◆ **Data records**:
=-=-=

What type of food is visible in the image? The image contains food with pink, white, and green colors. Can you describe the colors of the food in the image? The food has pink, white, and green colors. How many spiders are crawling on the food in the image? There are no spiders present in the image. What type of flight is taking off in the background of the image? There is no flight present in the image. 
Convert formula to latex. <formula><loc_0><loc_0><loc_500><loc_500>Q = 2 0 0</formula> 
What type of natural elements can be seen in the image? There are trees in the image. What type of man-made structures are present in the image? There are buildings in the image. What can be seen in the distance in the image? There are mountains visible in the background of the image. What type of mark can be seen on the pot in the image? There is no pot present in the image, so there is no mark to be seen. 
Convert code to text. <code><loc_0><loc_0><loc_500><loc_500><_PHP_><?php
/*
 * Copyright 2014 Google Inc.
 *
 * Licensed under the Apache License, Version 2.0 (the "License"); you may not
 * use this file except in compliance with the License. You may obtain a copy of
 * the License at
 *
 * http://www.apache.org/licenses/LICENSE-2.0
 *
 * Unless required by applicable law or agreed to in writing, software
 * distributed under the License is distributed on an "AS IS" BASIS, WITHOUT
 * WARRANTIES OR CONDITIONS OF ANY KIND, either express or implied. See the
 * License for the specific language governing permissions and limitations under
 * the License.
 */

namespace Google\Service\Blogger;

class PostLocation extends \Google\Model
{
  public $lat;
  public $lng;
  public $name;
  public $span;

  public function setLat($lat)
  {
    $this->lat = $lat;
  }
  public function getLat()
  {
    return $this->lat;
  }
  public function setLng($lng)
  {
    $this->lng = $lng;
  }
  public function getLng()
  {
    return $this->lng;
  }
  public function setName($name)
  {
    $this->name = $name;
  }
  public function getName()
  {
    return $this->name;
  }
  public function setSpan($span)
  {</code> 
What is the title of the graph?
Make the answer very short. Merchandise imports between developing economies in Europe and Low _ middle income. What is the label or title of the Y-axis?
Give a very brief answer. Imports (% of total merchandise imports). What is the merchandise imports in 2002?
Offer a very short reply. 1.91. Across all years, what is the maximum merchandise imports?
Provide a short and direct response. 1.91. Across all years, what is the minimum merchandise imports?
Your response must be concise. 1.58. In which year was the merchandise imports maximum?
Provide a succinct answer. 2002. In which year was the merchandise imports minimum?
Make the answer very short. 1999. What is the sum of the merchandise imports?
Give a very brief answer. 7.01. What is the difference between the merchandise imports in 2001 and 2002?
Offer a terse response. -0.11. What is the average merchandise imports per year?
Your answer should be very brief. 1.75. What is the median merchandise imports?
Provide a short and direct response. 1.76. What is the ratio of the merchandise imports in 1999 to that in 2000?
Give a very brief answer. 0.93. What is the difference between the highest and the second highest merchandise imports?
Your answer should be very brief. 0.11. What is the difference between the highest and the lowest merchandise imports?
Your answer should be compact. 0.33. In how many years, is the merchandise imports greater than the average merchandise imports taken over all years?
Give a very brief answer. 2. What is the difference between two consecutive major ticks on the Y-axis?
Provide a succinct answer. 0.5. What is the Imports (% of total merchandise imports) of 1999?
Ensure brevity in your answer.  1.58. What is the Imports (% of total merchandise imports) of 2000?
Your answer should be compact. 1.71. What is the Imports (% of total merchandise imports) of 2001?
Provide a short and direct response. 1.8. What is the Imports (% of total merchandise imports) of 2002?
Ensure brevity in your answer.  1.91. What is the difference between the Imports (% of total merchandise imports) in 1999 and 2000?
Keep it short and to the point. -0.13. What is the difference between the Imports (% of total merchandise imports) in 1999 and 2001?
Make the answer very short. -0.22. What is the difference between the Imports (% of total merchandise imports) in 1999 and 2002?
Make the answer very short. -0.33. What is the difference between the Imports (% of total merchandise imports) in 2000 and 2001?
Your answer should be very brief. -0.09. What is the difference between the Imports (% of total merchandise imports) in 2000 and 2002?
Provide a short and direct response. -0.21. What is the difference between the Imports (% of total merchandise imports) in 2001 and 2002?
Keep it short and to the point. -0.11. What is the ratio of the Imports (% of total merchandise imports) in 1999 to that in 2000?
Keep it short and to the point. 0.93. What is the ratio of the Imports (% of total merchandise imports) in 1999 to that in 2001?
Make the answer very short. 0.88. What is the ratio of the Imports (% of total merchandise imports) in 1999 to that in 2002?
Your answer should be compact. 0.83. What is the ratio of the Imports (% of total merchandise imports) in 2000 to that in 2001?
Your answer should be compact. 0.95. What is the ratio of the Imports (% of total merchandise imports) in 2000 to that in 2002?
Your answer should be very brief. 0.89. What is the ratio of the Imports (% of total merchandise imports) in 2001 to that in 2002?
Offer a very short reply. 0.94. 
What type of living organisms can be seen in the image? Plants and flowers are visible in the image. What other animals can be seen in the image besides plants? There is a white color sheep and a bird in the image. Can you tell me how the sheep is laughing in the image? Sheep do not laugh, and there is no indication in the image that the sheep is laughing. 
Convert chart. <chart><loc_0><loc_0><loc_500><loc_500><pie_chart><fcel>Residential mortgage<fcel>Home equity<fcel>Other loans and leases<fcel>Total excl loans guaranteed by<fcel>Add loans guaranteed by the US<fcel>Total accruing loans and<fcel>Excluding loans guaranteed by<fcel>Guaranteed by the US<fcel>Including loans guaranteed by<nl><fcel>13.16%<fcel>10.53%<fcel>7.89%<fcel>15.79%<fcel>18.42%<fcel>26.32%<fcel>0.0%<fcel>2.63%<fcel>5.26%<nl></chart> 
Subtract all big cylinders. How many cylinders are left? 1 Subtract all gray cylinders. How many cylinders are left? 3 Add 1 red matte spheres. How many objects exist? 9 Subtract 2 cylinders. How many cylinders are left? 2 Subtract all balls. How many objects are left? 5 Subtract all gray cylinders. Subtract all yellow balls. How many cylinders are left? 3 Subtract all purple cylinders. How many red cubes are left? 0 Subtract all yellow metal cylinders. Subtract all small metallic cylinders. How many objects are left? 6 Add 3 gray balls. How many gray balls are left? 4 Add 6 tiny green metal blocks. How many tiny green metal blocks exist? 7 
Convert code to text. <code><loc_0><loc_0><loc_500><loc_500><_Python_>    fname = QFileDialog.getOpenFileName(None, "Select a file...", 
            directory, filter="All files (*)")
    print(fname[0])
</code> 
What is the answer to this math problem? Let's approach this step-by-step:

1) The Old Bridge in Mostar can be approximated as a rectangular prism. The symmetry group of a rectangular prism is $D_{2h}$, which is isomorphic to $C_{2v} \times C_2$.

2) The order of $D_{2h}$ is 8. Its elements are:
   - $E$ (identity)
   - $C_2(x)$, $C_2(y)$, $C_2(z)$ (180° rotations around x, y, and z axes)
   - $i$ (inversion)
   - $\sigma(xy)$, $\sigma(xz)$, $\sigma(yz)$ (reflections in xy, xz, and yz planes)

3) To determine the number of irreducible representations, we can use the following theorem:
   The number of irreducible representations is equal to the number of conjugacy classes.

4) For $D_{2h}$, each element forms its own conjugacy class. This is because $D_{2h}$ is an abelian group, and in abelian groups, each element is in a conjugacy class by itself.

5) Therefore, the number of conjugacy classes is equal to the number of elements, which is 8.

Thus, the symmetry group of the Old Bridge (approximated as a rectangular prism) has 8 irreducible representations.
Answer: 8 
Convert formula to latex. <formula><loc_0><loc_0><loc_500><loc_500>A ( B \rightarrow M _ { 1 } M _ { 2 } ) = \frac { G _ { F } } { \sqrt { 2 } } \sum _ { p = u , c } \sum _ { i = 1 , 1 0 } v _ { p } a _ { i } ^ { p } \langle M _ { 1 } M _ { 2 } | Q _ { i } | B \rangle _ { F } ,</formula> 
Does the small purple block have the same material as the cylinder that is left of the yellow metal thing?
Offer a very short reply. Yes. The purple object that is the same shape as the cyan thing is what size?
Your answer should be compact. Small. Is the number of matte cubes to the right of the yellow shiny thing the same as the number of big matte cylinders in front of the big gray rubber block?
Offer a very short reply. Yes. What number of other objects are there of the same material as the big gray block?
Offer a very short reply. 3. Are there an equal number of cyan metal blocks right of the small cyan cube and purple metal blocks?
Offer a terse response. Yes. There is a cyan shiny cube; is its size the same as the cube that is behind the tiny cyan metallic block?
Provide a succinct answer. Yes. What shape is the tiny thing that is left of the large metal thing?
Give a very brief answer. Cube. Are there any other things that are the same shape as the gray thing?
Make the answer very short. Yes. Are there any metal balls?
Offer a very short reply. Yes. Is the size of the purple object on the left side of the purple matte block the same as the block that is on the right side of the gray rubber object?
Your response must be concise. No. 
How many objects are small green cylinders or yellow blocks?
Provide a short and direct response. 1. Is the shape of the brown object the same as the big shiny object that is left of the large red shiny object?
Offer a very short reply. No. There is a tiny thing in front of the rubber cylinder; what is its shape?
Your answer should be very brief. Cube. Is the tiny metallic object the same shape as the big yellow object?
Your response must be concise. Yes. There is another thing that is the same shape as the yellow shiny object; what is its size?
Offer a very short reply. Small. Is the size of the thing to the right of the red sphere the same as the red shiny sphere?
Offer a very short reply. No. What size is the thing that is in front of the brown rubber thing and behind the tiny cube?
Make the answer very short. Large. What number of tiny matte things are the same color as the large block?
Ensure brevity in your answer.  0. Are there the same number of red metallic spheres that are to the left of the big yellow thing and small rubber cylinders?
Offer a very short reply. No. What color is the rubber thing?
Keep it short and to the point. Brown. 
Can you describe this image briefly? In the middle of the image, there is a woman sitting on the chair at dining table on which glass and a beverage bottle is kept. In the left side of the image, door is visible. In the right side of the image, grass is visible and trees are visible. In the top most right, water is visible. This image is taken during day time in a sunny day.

=-=-=

Using only the listing above, restate exactly the lines from the line containing "Your response must be concise. Yes." through the line containing "Offer a very short reply. Small.", both included.

Your response must be concise. Yes. There is another thing that is the same shape as the yellow shiny object; what is its size?
Offer a very short reply. Small. Is the size of the thing to the right of the red sphere the same as the red shiny sphere?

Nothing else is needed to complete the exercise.